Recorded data
Segment Open

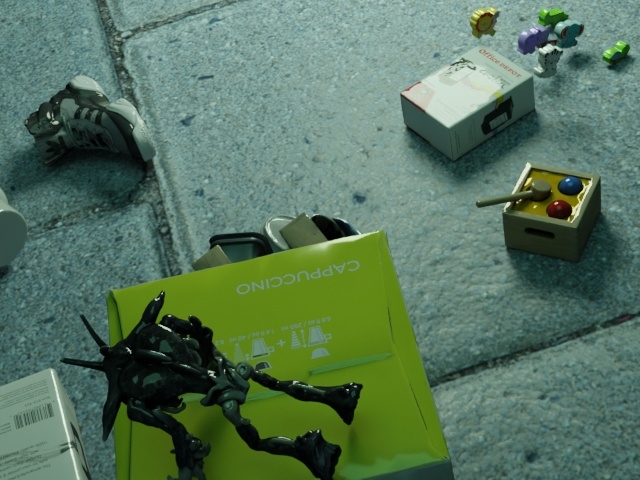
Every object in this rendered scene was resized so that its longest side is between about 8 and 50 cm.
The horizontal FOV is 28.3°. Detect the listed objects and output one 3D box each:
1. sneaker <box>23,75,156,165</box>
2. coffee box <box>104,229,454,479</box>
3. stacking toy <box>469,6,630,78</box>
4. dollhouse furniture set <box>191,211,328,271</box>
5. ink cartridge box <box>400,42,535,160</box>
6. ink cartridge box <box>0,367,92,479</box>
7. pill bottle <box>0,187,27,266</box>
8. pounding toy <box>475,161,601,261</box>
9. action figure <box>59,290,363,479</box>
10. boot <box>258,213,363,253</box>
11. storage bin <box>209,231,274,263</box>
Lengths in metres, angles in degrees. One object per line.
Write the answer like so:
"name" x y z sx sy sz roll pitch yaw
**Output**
"sneaker" -0.387 -0.172 2.097 0.153 0.101 0.268 -35 43 -19
"coffee box" -0.034 0.242 1.445 0.337 0.334 0.338 -13 45 1
"stacking toy" 0.374 -0.334 2.059 0.221 0.052 0.167 -14 41 -34
"dollhouse furniture set" -0.062 0.109 1.639 0.242 0.212 0.161 -37 58 -3
"ink cartridge box" 0.234 -0.222 2.012 0.175 0.072 0.127 -33 48 -18
"ink cartridge box" -0.389 0.303 1.635 0.172 0.100 0.237 -21 45 -7
"pill bottle" -0.567 -0.050 1.996 0.229 0.131 0.131 32 60 35
"pounding toy" 0.312 -0.048 1.807 0.141 0.100 0.130 13 51 24
"action figure" -0.108 0.155 1.220 0.275 0.141 0.164 17 56 5
"boot" 0.000 0.000 1.818 0.258 0.123 0.095 31 60 35
"storage bin" -0.114 0.063 1.787 0.098 0.135 0.091 -4 56 10

Segment Closed

• [Work task] Using the data above, extract exactly the lines from the one that holds "4. dollhouse furniture" to the one that holds "roll pitch yaw", both ends included, and no others.

• [Reply to the exercise]
4. dollhouse furniture set <box>191,211,328,271</box>
5. ink cartridge box <box>400,42,535,160</box>
6. ink cartridge box <box>0,367,92,479</box>
7. pill bottle <box>0,187,27,266</box>
8. pounding toy <box>475,161,601,261</box>
9. action figure <box>59,290,363,479</box>
10. boot <box>258,213,363,253</box>
11. storage bin <box>209,231,274,263</box>
Lengths in metres, angles in degrees. One object per line.
Write the answer like so:
"name" x y z sx sy sz roll pitch yaw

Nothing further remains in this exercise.